- _Task_
Your response must be made up of each line in the data below that contains the string "meters".

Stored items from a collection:
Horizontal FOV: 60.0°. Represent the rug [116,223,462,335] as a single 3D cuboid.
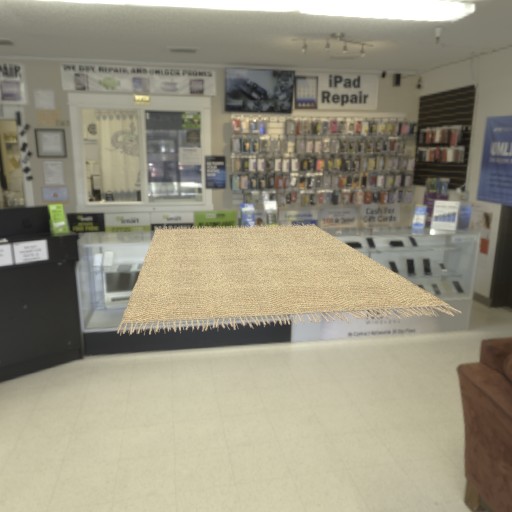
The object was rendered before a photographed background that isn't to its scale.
[{"bbox_3d":[0.000,0.000,3.105,1.528,0.034,2.523,-2,14,-8],"label":"rug"}]
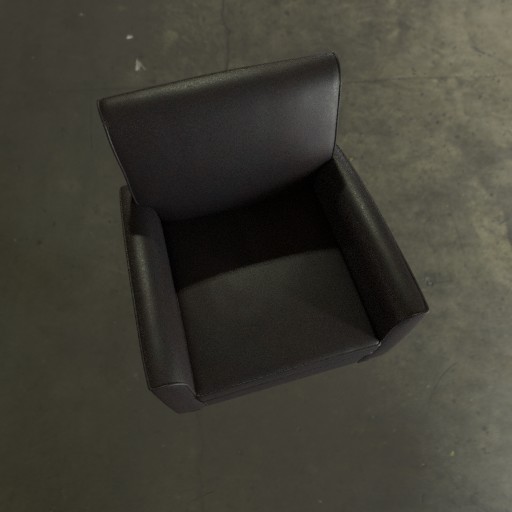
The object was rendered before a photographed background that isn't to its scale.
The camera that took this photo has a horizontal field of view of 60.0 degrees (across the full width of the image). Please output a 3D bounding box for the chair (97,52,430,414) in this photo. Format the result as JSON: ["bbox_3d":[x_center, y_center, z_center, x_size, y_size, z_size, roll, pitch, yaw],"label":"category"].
[{"bbox_3d":[0.000,0.000,1.541,0.820,0.916,0.819,-14,64,-7],"label":"chair"}]
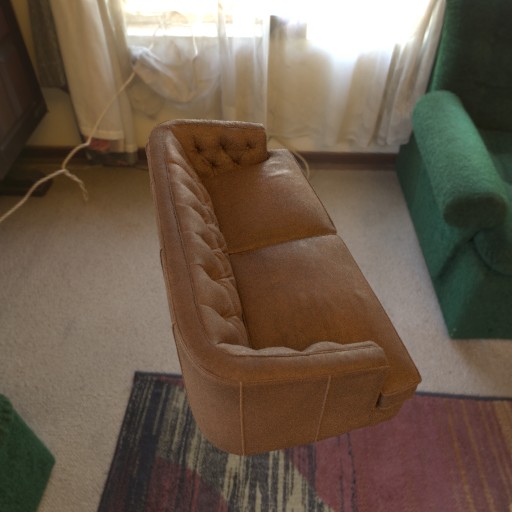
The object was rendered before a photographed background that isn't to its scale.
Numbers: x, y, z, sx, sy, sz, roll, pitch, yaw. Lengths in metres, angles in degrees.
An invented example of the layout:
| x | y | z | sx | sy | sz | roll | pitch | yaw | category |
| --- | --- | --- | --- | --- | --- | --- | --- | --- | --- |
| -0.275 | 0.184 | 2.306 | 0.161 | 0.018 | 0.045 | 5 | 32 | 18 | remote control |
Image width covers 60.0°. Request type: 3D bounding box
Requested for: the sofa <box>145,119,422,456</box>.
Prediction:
| x | y | z | sx | sy | sz | roll | pitch | yaw | category |
| --- | --- | --- | --- | --- | --- | --- | --- | --- | --- |
| 0.000 | 0.000 | 2.251 | 0.917 | 0.799 | 1.767 | -10 | 46 | -10 | sofa |
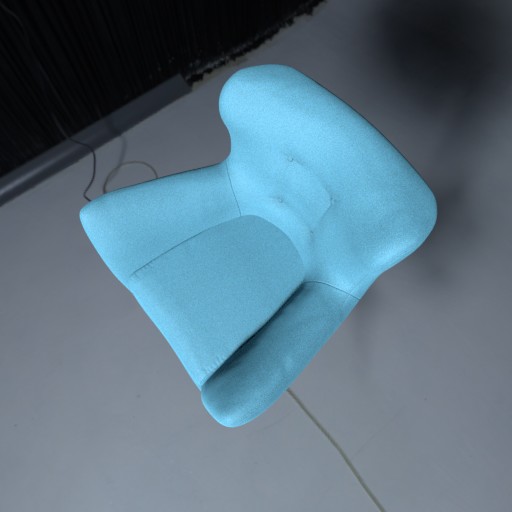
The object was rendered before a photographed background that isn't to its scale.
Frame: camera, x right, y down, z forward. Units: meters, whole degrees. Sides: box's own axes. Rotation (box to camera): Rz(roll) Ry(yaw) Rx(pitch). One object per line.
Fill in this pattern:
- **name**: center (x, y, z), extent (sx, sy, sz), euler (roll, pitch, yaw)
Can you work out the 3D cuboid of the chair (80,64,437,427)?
- **chair**: center (0.000, 0.000, 1.603), extent (0.889, 0.889, 0.890), euler (-35, 70, -15)
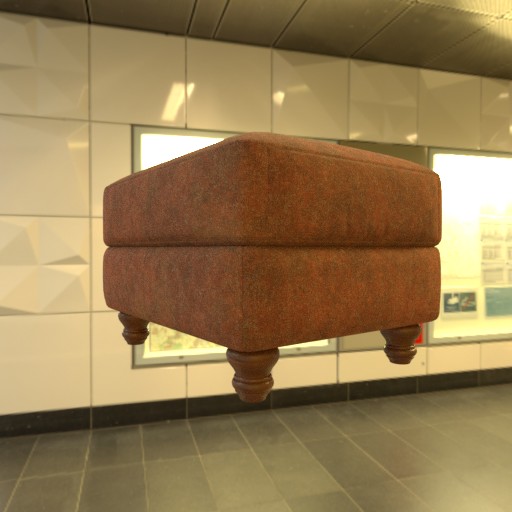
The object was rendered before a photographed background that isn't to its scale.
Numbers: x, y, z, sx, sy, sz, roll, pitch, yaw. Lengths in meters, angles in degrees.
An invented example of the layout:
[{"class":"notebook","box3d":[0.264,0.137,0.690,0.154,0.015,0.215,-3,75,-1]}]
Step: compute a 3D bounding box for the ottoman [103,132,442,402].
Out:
[{"class":"ottoman","box3d":[0.000,0.000,1.170,0.635,0.508,0.787,-1,1,-36]}]
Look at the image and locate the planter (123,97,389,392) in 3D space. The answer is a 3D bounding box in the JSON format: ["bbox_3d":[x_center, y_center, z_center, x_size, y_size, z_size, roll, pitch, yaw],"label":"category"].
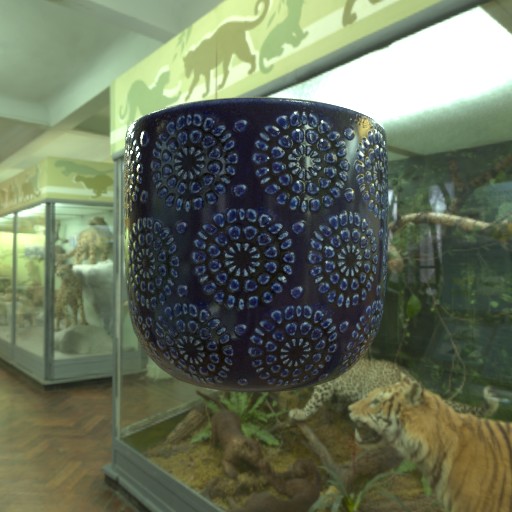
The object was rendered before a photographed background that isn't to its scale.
[{"bbox_3d":[0.000,0.000,0.288,0.165,0.149,0.165,0,-1,0],"label":"planter"}]

- _Finished exercise_
Frame: camera, x right, y down, z forward. Units: meters, whole degrees. Sides: box's own axes. Rotation (box to camera): Rz(roll) Ry(yaw) Rx(pitch). One object per line.
Numbers: x, y, z, sx, sy, sz, roll, pitch, yaw. Lengths in meters, angles in degrees.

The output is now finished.